** Input material follows **

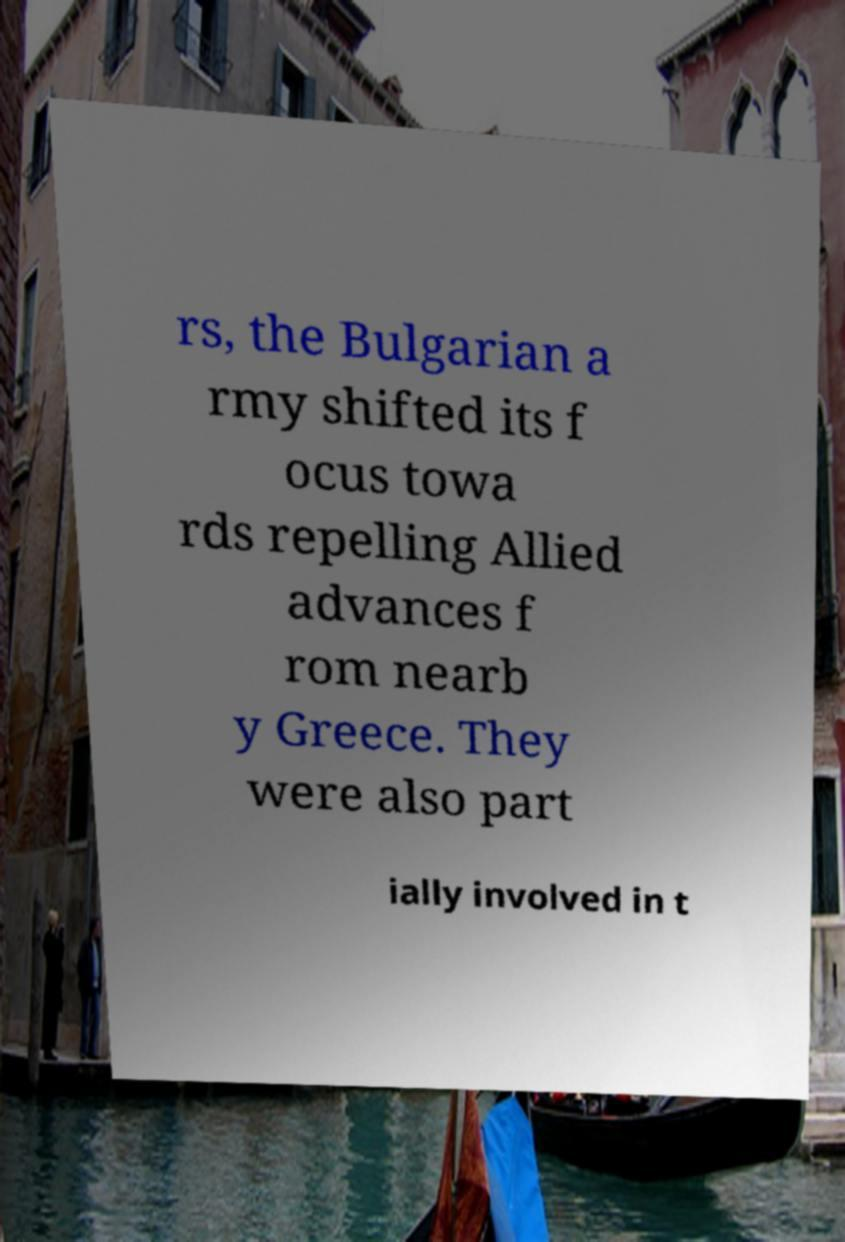Can you read and provide the text displayed in the image?This photo seems to have some interesting text. Can you extract and type it out for me? rs, the Bulgarian a rmy shifted its f ocus towa rds repelling Allied advances f rom nearb y Greece. They were also part ially involved in t 
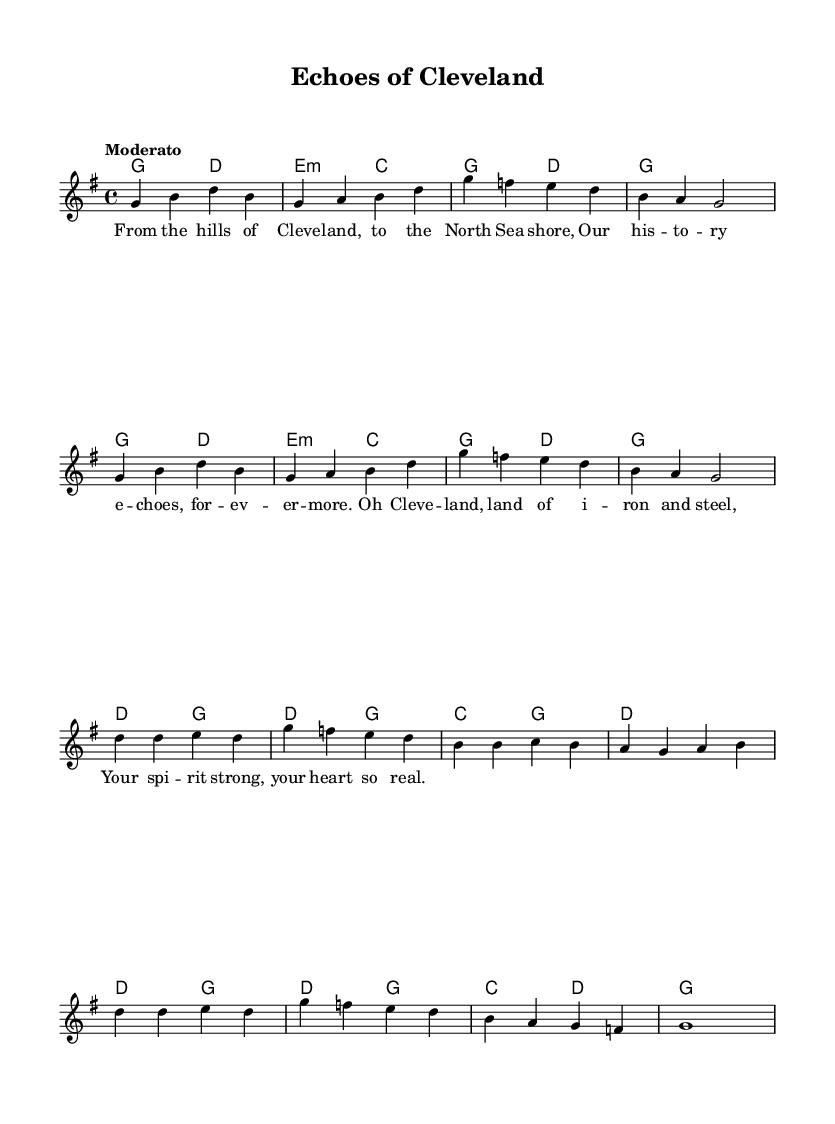What is the key signature of this music? The key signature is G major, indicated by an F sharp.
Answer: G major What is the time signature of this music? The time signature is 4/4, shown at the beginning of the piece.
Answer: 4/4 What is the tempo marking of the piece? The tempo marking is "Moderato," which indicates a moderate tempo speed.
Answer: Moderato How many measures are in the verse section? There are four measures in the verse section, as indicated by the organization of the melody notes.
Answer: Four What is the first note of the chorus? The first note of the chorus is D, which starts the melody after the verse.
Answer: D What chord is played with the last measure of the piece? The last measure contains a G major chord, which is noted in the harmony line.
Answer: G How many lines are in the lyrics of the verse? There are four lines in the lyrics of the verse as indicated by the structure of the lyrics under the melody.
Answer: Four

** End of Input material **

■ **Requirement**
Exactly as they stand, set down all of the entries above, minus every picture.

■ **Result of the exercise**
Can you read and provide the text displayed in the image?This photo seems to have some interesting text. Can you extract and type it out for me? rs, the Bulgarian a rmy shifted its f ocus towa rds repelling Allied advances f rom nearb y Greece. They were also part ially involved in t 
What is the key signature of this music? The key signature is G major, indicated by an F sharp.
Answer: G major What is the time signature of this music? The time signature is 4/4, shown at the beginning of the piece.
Answer: 4/4 What is the tempo marking of the piece? The tempo marking is "Moderato," which indicates a moderate tempo speed.
Answer: Moderato How many measures are in the verse section? There are four measures in the verse section, as indicated by the organization of the melody notes.
Answer: Four What is the first note of the chorus? The first note of the chorus is D, which starts the melody after the verse.
Answer: D What chord is played with the last measure of the piece? The last measure contains a G major chord, which is noted in the harmony line.
Answer: G How many lines are in the lyrics of the verse? There are four lines in the lyrics of the verse as indicated by the structure of the lyrics under the melody.
Answer: Four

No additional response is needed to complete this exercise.